It was a black-tie affair, 37 years ago today. Calvin Klein, Don King, Norman Mailer and Helen Gurley Brown were there, snapped at The Art of the Deal release party, corks popping in Trump Tower Atrium not two weeks after Black Monday’s stock market rout. It was a different time – a different wife for Donald Trump (Ivana) and a different life for the media (profitable).
The Eighties are a foreign country to young people living in the era’s souring leftovers. But the pages celebrated that night have implications for them most of all. Because from New York City to Sydney, our future democracies are gasping for rescue from a digital sludge of misinformation, disinformation, lies and the stink of those who skilfully stir it up.
Stirrers from around the world and across the political spectrum are taking cues from the master – the rich-list regular, reality show re-run star, serial bankrupt sneaker salesman, convicted felon (facing further counts) and now Republican nominee for commander in chief – who laid out his formula in The Art of the Deal all those years ago.
In 1987, The New York Times’s tart review said the bestseller that made Trump a household name was about “how its author, the builder Donald J. Trump, is simply smarter than the rest of us”. The book was “a display of the author’s not inconsiderable ego”. Still, it was not without charms.
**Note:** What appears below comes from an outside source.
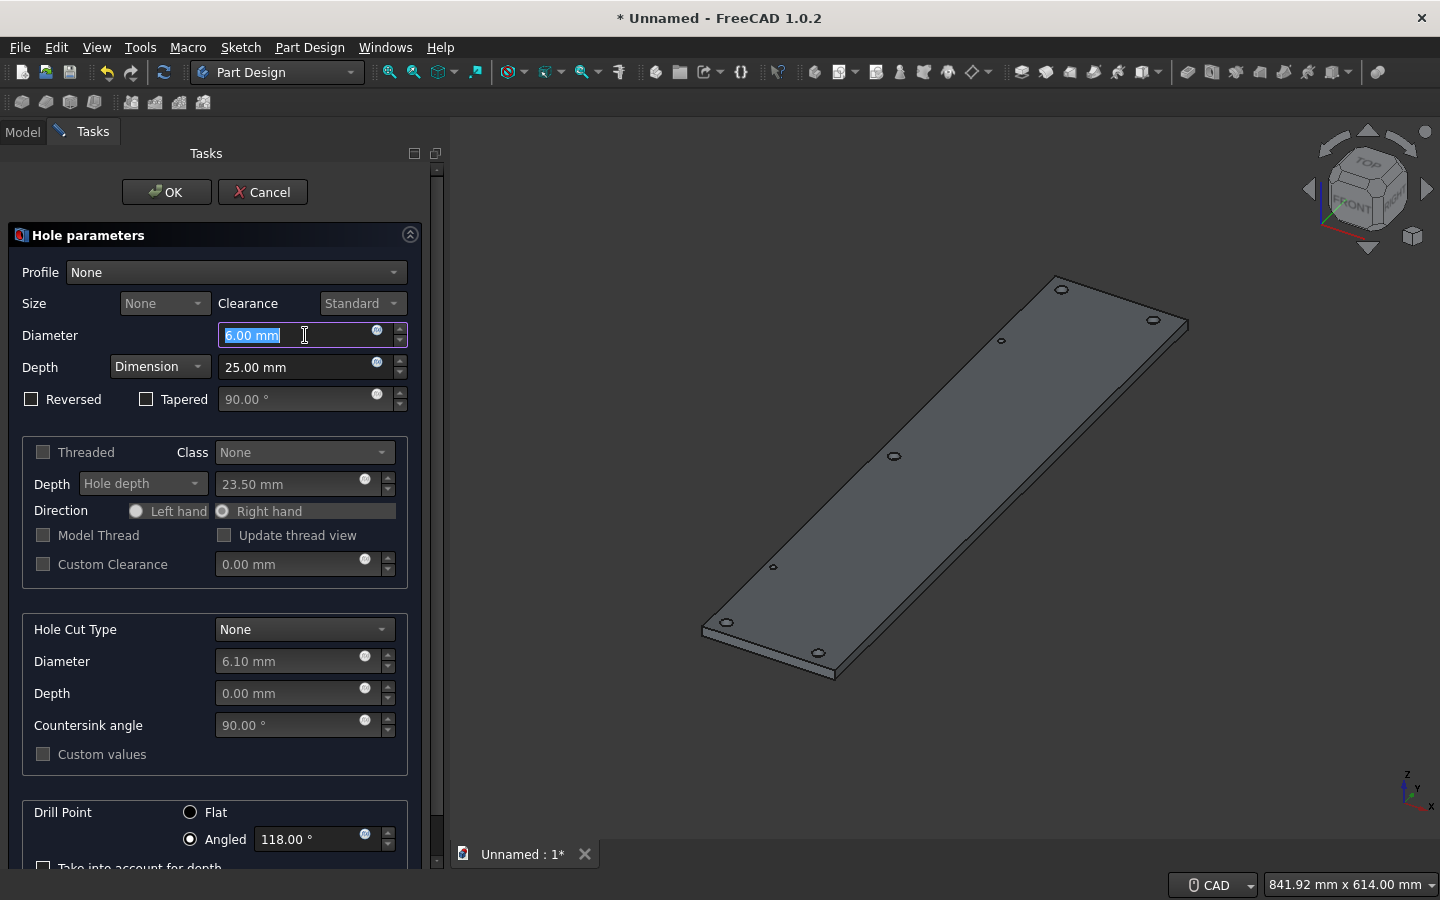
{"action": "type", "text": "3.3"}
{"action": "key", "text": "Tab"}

The review’s final, prophetic lines read: “Mr. Trump makes one believe for a moment in the American dream again. It’s like a fairy tale.”
And here we are, at the cliffhanger of the reality fairy tale screening around the world. The global political power balance, and the lives of many of the world’s most powerful and powerless people, rest on Americans’ choice between US Vice President Kamala Harris and the man who gave his secrets away for all to see through, if only we would.
“[T]he way I promote is bravado,” Trump says in the book. “I play to people’s fantasies. People may not always think big themselves, but they can still get very excited by those who do. That’s why a little hyperbole never hurts. People want to believe that something is the biggest and the greatest and the most spectacular. I call it truthful hyperbole. It’s an innocent form of exaggeration – and a very effective form of promotion.”
The game is just the gall to abandon truth if it helps him. Politically it’s a playbook plied famously in Germany in the 1930s, by Joseph McCarthy in the 1950s, and others long before them. Since his ‘birther’ lie, Trump has shamelessly stuck to the strategy, heedless of who gets hurt. Lately it’s sunk to bunkum about eating pets, a never-true rumour Trump peddled, proven false. His running mate is nevertheless ready and willing to ‘create stories’ about honest Haitian workers living in Ohio (or about you), if that’s what it takes. Not so innocent.
Australians old enough to recall the “children overboard affair” will recognise the play. The Howard government was trolling (spreading falsehoods to provoke a reaction) before it was a digital thing. In Australia, it pays to be alert whenever migrants, refugees, asylum seekers and indigenous people become the story, because our politicians have alarming form in using and dehumanising these people for political gain.
The latest update on this ever-streaming playbook is how it gets juiced in our online information ecosystem. Carrying the knowledge of the ages in our pockets, people do their own research. Trouble is, scholars and shysters alike have shiny websites – and publishers of misinformation get six times more engagement than factual news.
People are primed to turn to conspiracy theories and easy explanations when we are anxious, frustrated or angry. And who isn’t these days, as bloody images ping from far away to our phones right along with our rising rent notices? Into this exhausting environment, political shills of all stripes exploit the “flood the zone with shit” strategy, introduced by Trump’s then advisor Steve Bannon, who emerged from prison this week. Keeping us disoriented is the point.
Today’s digital natives can’t imagine that we once trusted broadcasters and newspapers of record to make editorial judgments, and how those producers and editors would refuse to give time and space to lies, or even unverified facts. Now such news judgment costs clicks, which equate to advertising dollars, and would leave their audiences sidelined from conversations that spread regardless, as algorithms amplify unchecked crud from odd niches of the internet to the highest offices.
In this context, and whatever becomes of Trump, we have little choice but to actively make our own determination of what’s truth and what’s “truthful hyperbole”, or worse. To make it a regular habit to stop before we share. To remember that fairy tales may be much more compelling than facts, but they’re still fairy tales. To stay on guard against those who would “play to people’s fantasies” or our worst fears.
With the burdens young people carry today, it seems terribly unfair to add the responsibility of navigating a sometimes nasty, overwhelming landscape of information just to save the democracy we’ve long taken for granted. But they can be heroes. Because there’s a monomyth even more time-tested than this playbook: the hero’s journey. It’s a classic test of strength, skill and resolve. Wherever we are, misinformation is coming for us, and all of us – the social-news generation most of all – must put into practice everything we’ve learned from this maddening US election journey, mastering ways to spot and stop the lies, and make truth triumphant in our politics.